Background: AIGC music generation (e.g., Suno, Stable Audio, YUE, ACE-Step) has evolved to flexibly receive multimodal conditions—pure text, text + lyrics, text + reference audio, or combinations for style transfer/continuation. However, evaluation capabilities for these outputs lag significantly.

Limitations of Prior Work: Existing evaluation methods are fragmented and narrow. Distribution-level metrics (FAD, MAD, KAD) only compare at the corpus level and cannot provide sample-level signals needed for post-training/filtering. Sample-level MOS predictors (PAM, Audiobox, SongEval) only assess "musicality." Alignment metrics (CLAP, CLaMP3, MuQ-MuLan) almost exclusively cover text-to-audio, neglecting lyrics and audio prompts. Closed-source systems (MusicRL, DRAGON) also lack reproducibility.

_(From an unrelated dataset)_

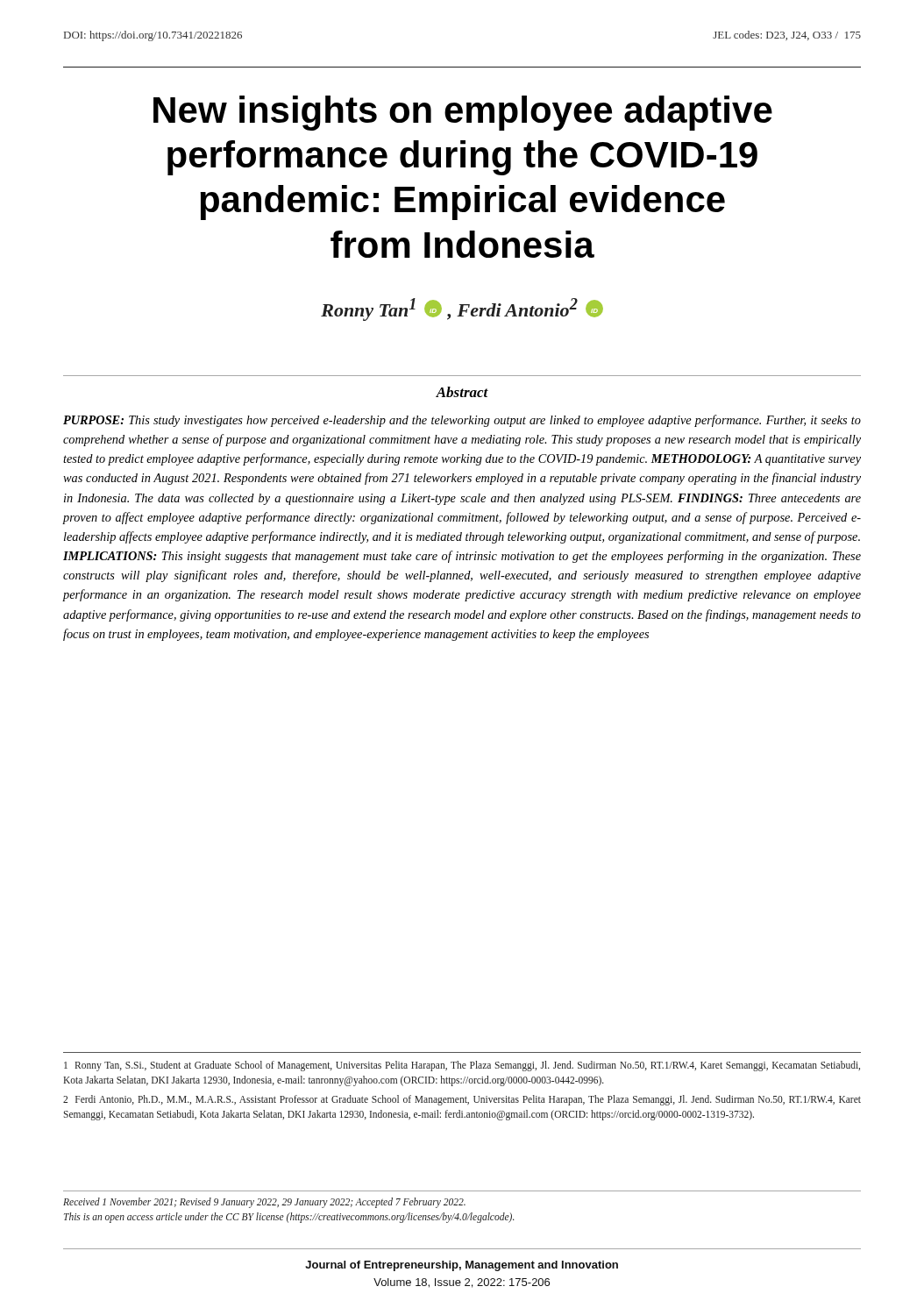This screenshot has height=1315, width=924.
Task: Click on the title that reads "New insights on employee adaptiveperformance during the COVID-19pandemic:"
Action: [462, 178]
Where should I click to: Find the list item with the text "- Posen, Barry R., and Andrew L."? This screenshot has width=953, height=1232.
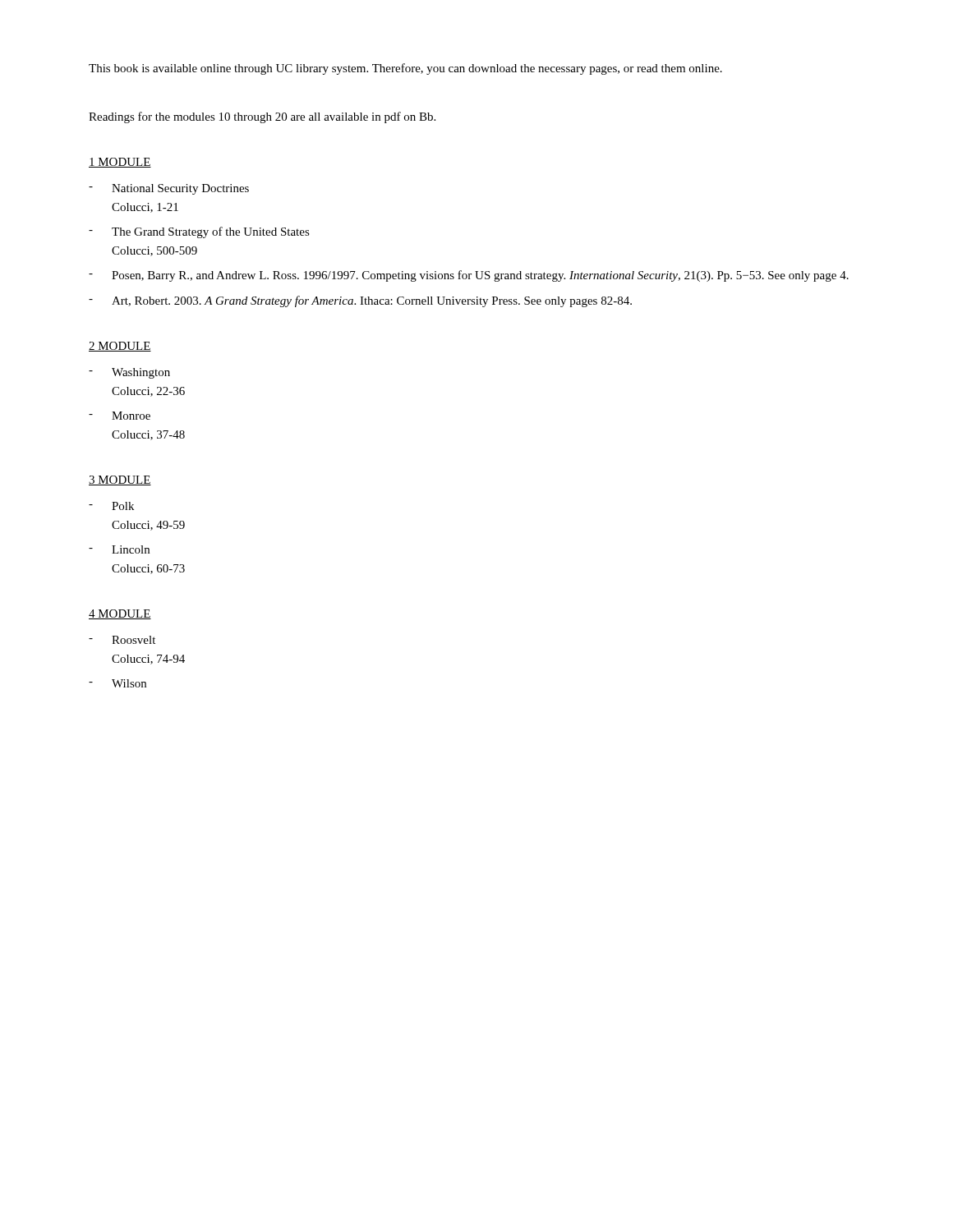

Key Challenge: There is a widening gap between model capabilities (flexible combined inputs) and evaluation methods (rigid input assumptions, single-dimension scoring). More fundamentally, data is scarce—large-scale interaction data from recommender systems captures "user-track affinity" (global style preference) rather than "generation alignment" (fine-grained sample-wise comparison for complex multimodal instructions), the latter of which is required for training alignment models.

Goal: Define and measure "compositional alignment"—not just satisfying multiple constraints simultaneously, but requiring a unified model that adaptively aligns with human preferences under optional and varying input conditions (text, lyrics, or audio reference). Scoring/ranking must stably reflect human judgment of music quality and instruction following.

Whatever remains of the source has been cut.